If the output is CUDA available: True, GPU support is successfully configured.
Running the Server
Note: The first server start will automatically download about 25MB of the KittenTTS model; this is a one-time process. Subsequent startups will be faster.
- Make sure the virtual environment is activated (prompt shows
(venv)). - Run in terminal:
python server.py
- After startup, the default browser will automatically open the operation page.
- Web address:
http://localhost:8005 - API documentation:
http://localhost:8005/docs
Stop the server by pressing CTRL+C.
Docker Installation (Optional)
Users familiar with Docker can use Docker Compose for a simple and efficient deployment.
-
Prepare the environment:
- Install Docker and Docker Compose.
- (GPU users) Install NVIDIA Container Toolkit.
-
Clone the project (if not done):
git clone https://github.com/devnen/Kitten-TTS-Server.git
cd Kitten-TTS-Server
- Start the container (based on hardware environment):
- NVIDIA GPU users:
docker compose up -d --build
- CPU only users:
docker compose -f docker-compose-cpu.yml up -d --build
- Access and manage containers:
- Web access:
http://localhost:8005 - View logs:
docker compose logs -f - Stop containers:
docker compose down
Feature Operations
-
Generate Regular Speech
- Start the server and open
http://localhost:8005. - Enter the target text.
- Select the preferred voice.
- Adjust the speech rate slider.
- Click “Generate Speech”; audio will play automatically and be available for download.
- Start the server and open
-
Generate Audiobooks
- Copy the entire book or chapter plain text.
- Paste into the web text box.
- Ensure the “Split text into chunks” option is enabled.
- Set an appropriate chunk size (recommended 300-500 characters).
- Click “Generate Speech”; the long text will be segmented and synthesized, offering a complete downloadable audio file.
Application Scenarios
-
Audiobook Production
Convert e-books, long articles, or novels into audiobooks, with automatic splitting and splicing of long texts.
-
Personal Voice Assistant
Developers can call the API to add voice broadcast features to applications, such as news, weather, and notifications.
-
Video Content Dubbing
Used by content creators to generate video narration or commentary, improving efficiency at low cost with flexible modifications.
-
Learning Assistant Tool
Language learners input words or sentences to get standard pronunciation, or convert study materials into audio for listening during commutes or exercise.
FAQs
-
How does this project differ from directly using the KittenTTS model?

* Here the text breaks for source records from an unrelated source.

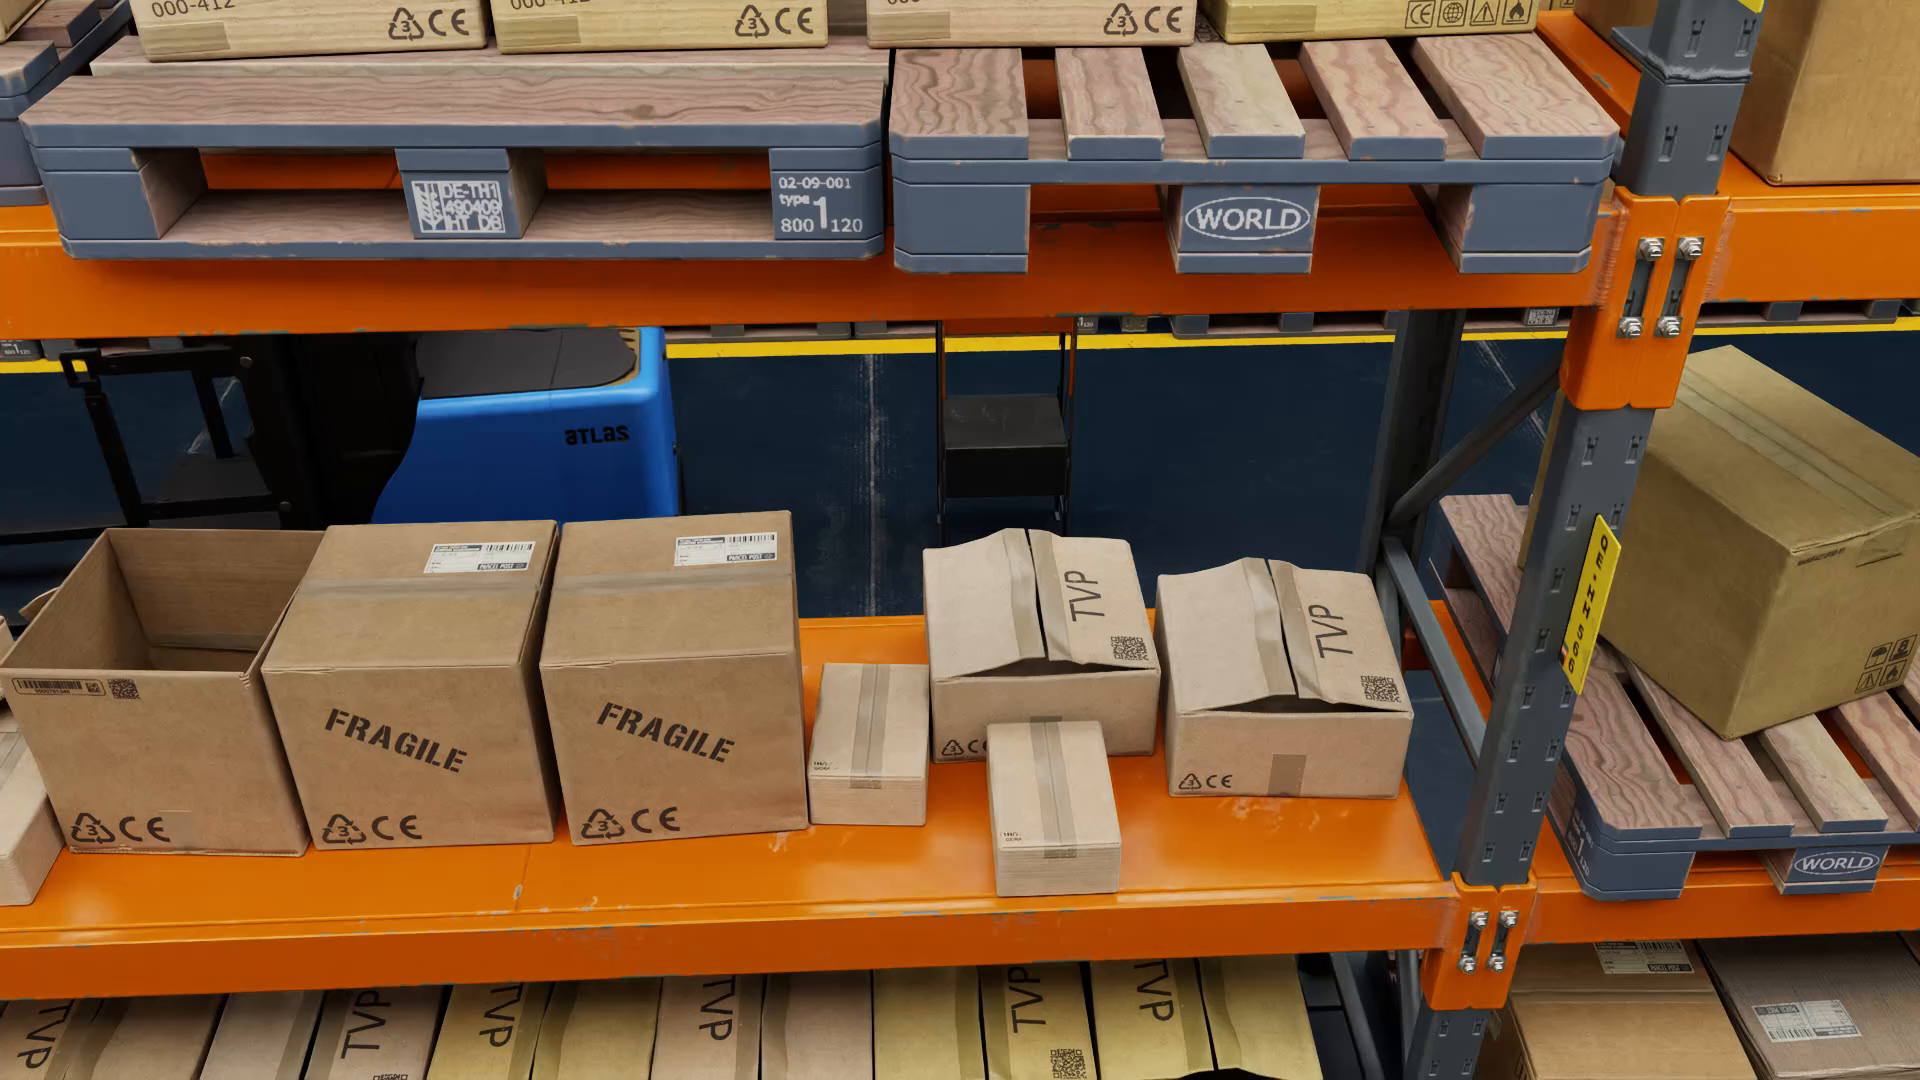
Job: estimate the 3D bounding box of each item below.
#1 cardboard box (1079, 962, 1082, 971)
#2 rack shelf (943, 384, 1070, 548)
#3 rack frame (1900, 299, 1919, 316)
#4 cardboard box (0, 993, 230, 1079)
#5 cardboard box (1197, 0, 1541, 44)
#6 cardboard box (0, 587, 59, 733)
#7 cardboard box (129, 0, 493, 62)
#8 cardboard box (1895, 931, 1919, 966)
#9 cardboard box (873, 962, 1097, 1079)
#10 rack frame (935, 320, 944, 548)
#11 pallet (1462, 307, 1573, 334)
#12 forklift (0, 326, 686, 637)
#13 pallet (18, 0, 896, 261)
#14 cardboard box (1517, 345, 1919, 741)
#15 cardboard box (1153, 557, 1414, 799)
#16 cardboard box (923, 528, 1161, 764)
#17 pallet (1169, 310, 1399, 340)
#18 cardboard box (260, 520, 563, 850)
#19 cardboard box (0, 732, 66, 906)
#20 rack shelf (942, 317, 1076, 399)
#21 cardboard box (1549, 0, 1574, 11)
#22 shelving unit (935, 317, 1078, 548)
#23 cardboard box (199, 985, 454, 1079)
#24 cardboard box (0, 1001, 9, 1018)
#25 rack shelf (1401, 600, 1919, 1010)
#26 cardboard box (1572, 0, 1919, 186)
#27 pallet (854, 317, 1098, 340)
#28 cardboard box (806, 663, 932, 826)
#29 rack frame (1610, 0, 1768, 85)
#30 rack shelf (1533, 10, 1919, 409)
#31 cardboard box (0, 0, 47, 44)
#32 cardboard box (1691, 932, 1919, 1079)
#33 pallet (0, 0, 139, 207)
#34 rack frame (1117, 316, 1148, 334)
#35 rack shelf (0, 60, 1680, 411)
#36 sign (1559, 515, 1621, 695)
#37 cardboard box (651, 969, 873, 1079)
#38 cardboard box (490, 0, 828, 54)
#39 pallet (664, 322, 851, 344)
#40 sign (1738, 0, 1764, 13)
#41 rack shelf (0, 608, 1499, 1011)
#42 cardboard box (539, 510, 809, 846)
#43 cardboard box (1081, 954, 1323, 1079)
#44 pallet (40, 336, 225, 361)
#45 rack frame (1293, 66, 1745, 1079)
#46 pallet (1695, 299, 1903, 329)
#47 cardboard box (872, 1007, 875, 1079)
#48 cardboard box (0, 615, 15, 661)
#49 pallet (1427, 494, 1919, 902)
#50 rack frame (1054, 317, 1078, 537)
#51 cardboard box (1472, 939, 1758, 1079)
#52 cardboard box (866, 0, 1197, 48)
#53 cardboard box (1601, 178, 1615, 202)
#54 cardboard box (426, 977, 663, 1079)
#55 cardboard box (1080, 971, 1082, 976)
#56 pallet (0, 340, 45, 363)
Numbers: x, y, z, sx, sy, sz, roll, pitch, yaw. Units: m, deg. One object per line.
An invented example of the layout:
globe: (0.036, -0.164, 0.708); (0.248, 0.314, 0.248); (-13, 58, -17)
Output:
cardboard box: (0.540, 0.853, 4.437); (0.500, 0.311, 0.500); (0, 35, -1)
rack shelf: (0.165, -0.281, 6.565); (0.480, 0.518, 0.431); (-2, 35, -2)
rack frame: (4.834, -2.645, 7.937); (0.127, 3.000, 1.000); (-2, 35, -2)
cardboard box: (-1.993, 1.233, 3.887); (0.500, 0.311, 0.500); (-2, 35, -3)
cardboard box: (0.627, -1.022, 2.718); (0.500, 0.250, 0.500); (-4, 35, -6)
cardboard box: (-2.049, 0.313, 3.780); (0.258, 0.266, 0.396); (-2, 35, -3)
cardboard box: (-1.006, -0.975, 2.650); (0.500, 0.250, 0.500); (-4, 35, -6)
cardboard box: (2.569, 1.247, 4.122); (0.500, 0.500, 0.500); (-2, 35, -3)
cardboard box: (0.047, 1.177, 3.968); (0.500, 0.311, 0.500); (-2, 35, -3)
rack frame: (-0.078, -0.861, 6.149); (0.015, 2.100, 0.400); (-2, 35, -2)
pallet: (2.846, -1.401, 8.588); (1.213, 0.211, 1.003); (-2, 35, -2)
forklift: (-2.578, -0.984, 5.597); (3.031, 2.935, 1.130); (-5, 35, -7)
pallet: (-0.713, -0.777, 2.767); (1.213, 0.211, 1.003); (0, 35, 0)
cardboard box: (1.701, -0.017, 3.682); (0.500, 0.500, 0.700); (-13, 37, -18)
cardboard box: (0.712, 0.300, 3.759); (0.500, 0.311, 0.500); (1, 35, 1)
cardboard box: (0.175, 0.229, 3.862); (0.500, 0.311, 0.500); (-2, 35, -3)
pallet: (1.630, -1.369, 8.543); (1.213, 0.211, 1.003); (-2, 35, -2)
cardboard box: (-1.124, 0.306, 3.585); (0.500, 0.500, 0.500); (-1, 35, -2)
cardboard box: (-2.024, 0.581, 3.495); (0.250, 0.149, 0.380); (-2, 35, -2)
rack shelf: (0.165, -0.857, 6.167); (0.480, 0.518, 0.431); (-2, 35, -2)
cardboard box: (2.875, -2.617, 7.529); (0.500, 0.500, 0.500); (-1, 35, -1)
shelving unit: (0.165, -0.868, 6.159); (0.503, 2.100, 0.431); (-2, 35, -2)
cardboard box: (-1.477, 1.218, 3.908); (0.500, 0.311, 0.500); (-3, 35, -4)
cardboard box: (-2.494, 1.244, 3.872); (0.500, 0.311, 0.500); (-1, 35, -2)
rack shelf: (3.075, 0.520, 3.995); (4.000, 0.370, 1.077); (-2, 35, -2)
cardboard box: (1.511, -1.027, 2.875); (0.500, 0.500, 0.910); (-2, 35, -2)
pallet: (0.058, -1.371, 8.545); (1.213, 0.211, 1.003); (-2, 35, -2)
cardboard box: (-0.194, 0.448, 3.688); (0.250, 0.149, 0.380); (1, 35, 1)
rack frame: (1.077, -2.189, 2.005); (0.127, 3.000, 1.000); (-2, 35, -2)
rack shelf: (3.075, -0.713, 3.141); (4.000, 0.370, 1.077); (-2, 35, -2)
cardboard box: (-1.754, -0.986, 2.666); (0.500, 0.250, 0.500); (-5, 35, -7)
cardboard box: (2.068, 1.258, 4.107); (0.500, 0.500, 0.500); (-3, 35, -4)
pallet: (-2.038, -0.800, 2.802); (1.217, 0.209, 0.805); (-3, 35, -4)
rack frame: (0.839, -2.538, 7.781); (0.127, 3.000, 1.000); (-2, 35, -2)
rack shelf: (-0.921, -0.606, 2.986); (4.000, 0.370, 1.077); (-2, 35, -2)
sign: (1.107, 0.117, 2.927); (0.005, 0.325, 0.100); (-2, 35, -2)
cardboard box: (-0.458, 1.189, 3.950); (0.500, 0.311, 0.500); (-2, 35, -3)
cardboard box: (-0.468, -0.989, 2.670); (0.500, 0.250, 0.500); (-2, 35, -3)
pallet: (-1.157, -1.340, 8.500); (1.213, 0.211, 1.003); (-2, 35, -2)
sign: (1.095, -0.885, 2.233); (0.005, 0.325, 0.100); (-2, 35, -2)
rack shelf: (-0.921, 0.628, 3.839); (4.000, 0.370, 1.077); (-2, 35, -2)
cardboard box: (-0.598, 0.291, 3.605); (0.500, 0.500, 0.500); (-3, 35, -5)
cardboard box: (0.566, 1.159, 3.993); (0.500, 0.311, 0.500); (-1, 35, -1)
pallet: (-3.826, -1.245, 8.364); (1.213, 0.211, 1.003); (-2, 35, -2)
rack frame: (1.077, 0.278, 3.712); (0.127, 3.000, 1.000); (-2, 35, -2)
pallet: (4.067, -1.435, 8.638); (1.213, 0.211, 1.003); (-2, 35, -2)
cardboard box: (-0.454, 1.417, 4.114); (0.500, 0.250, 0.500); (-1, 35, -1)
cardboard box: (-2.429, 0.409, 3.654); (0.500, 0.250, 0.500); (1, 35, 1)
pallet: (1.751, 0.299, 3.851); (1.003, 0.211, 1.213); (-2, 35, -2)
rack frame: (0.409, -0.874, 6.168); (0.015, 2.100, 0.400); (-2, 35, -2)
cardboard box: (1.545, 1.275, 4.082); (0.500, 0.500, 0.500); (0, 35, 0)
cardboard box: (0.104, -0.998, 2.683); (0.500, 0.250, 0.500); (-1, 35, -1)
cardboard box: (3.304, -1.817, 8.260); (0.750, 0.750, 0.750); (-1, 35, -1)
cardboard box: (-0.958, 1.201, 3.932); (0.500, 0.311, 0.500); (-1, 35, -1)
cardboard box: (0.540, 1.083, 4.596); (0.500, 0.250, 0.500); (-2, 35, -2)
pallet: (-5.047, -1.211, 8.314); (1.213, 0.211, 1.003); (-2, 35, -2)

This project is a service-based wrapper around KittenTTS, solving issues of complex environment setup, lack of interface, long text handling, and GPU acceleration. It provides a ready-to-use website interface and APIs, making it user-friendly for non-experts.
-
What to do if I encounter eSpeak related errors during installation?
Please ensure you have correctly installed eSpeak NG for your OS and restarted the terminal. If issues persist, check if it was installed in a standard system path.
-
How to confirm GPU acceleration is effective?
Confirm that NVIDIA-style dependencies have been installed and run commands to verify CUDA support. You can also monitor GPU usage via Task Manager or
nvidia-smiwhile the server is running. -
What if the server shows “port already in use” message?
This means the port 8005 is occupied by another program on your machine. You can change
server.portto another unused port (e.g., 8006) inconfig.yamland restart the server.